Dataset excerpts
_ _ _

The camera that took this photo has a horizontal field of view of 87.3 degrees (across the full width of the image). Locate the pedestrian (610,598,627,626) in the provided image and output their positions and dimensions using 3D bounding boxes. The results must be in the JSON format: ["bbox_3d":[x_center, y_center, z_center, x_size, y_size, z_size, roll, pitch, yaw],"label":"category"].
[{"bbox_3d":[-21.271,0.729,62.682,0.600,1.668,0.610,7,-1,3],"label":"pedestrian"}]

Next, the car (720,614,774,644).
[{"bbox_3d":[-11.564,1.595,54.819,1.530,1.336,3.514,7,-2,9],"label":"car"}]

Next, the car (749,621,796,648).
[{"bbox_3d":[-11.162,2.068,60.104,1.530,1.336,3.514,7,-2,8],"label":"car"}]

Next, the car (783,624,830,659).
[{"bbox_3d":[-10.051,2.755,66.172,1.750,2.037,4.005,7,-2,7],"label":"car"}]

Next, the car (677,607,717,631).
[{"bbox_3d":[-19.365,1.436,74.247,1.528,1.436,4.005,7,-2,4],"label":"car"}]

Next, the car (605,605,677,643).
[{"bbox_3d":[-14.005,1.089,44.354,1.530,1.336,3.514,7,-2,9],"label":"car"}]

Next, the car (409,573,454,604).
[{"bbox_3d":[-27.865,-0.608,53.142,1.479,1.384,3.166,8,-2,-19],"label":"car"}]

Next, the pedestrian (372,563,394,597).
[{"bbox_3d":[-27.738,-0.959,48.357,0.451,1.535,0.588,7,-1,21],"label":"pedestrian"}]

_ _ _

» EXERCISE PROMPT: An exact copy of all the records is what is needed here.

» ANSWER SECTION:
The camera that took this photo has a horizontal field of view of 87.3 degrees (across the full width of the image). Locate the pedestrian (610,598,627,626) in the provided image and output their positions and dimensions using 3D bounding boxes. The results must be in the JSON format: ["bbox_3d":[x_center, y_center, z_center, x_size, y_size, z_size, roll, pitch, yaw],"label":"category"].
[{"bbox_3d":[-21.271,0.729,62.682,0.600,1.668,0.610,7,-1,3],"label":"pedestrian"}]

Next, the car (720,614,774,644).
[{"bbox_3d":[-11.564,1.595,54.819,1.530,1.336,3.514,7,-2,9],"label":"car"}]

Next, the car (749,621,796,648).
[{"bbox_3d":[-11.162,2.068,60.104,1.530,1.336,3.514,7,-2,8],"label":"car"}]

Next, the car (783,624,830,659).
[{"bbox_3d":[-10.051,2.755,66.172,1.750,2.037,4.005,7,-2,7],"label":"car"}]

Next, the car (677,607,717,631).
[{"bbox_3d":[-19.365,1.436,74.247,1.528,1.436,4.005,7,-2,4],"label":"car"}]

Next, the car (605,605,677,643).
[{"bbox_3d":[-14.005,1.089,44.354,1.530,1.336,3.514,7,-2,9],"label":"car"}]

Next, the car (409,573,454,604).
[{"bbox_3d":[-27.865,-0.608,53.142,1.479,1.384,3.166,8,-2,-19],"label":"car"}]

Next, the pedestrian (372,563,394,597).
[{"bbox_3d":[-27.738,-0.959,48.357,0.451,1.535,0.588,7,-1,21],"label":"pedestrian"}]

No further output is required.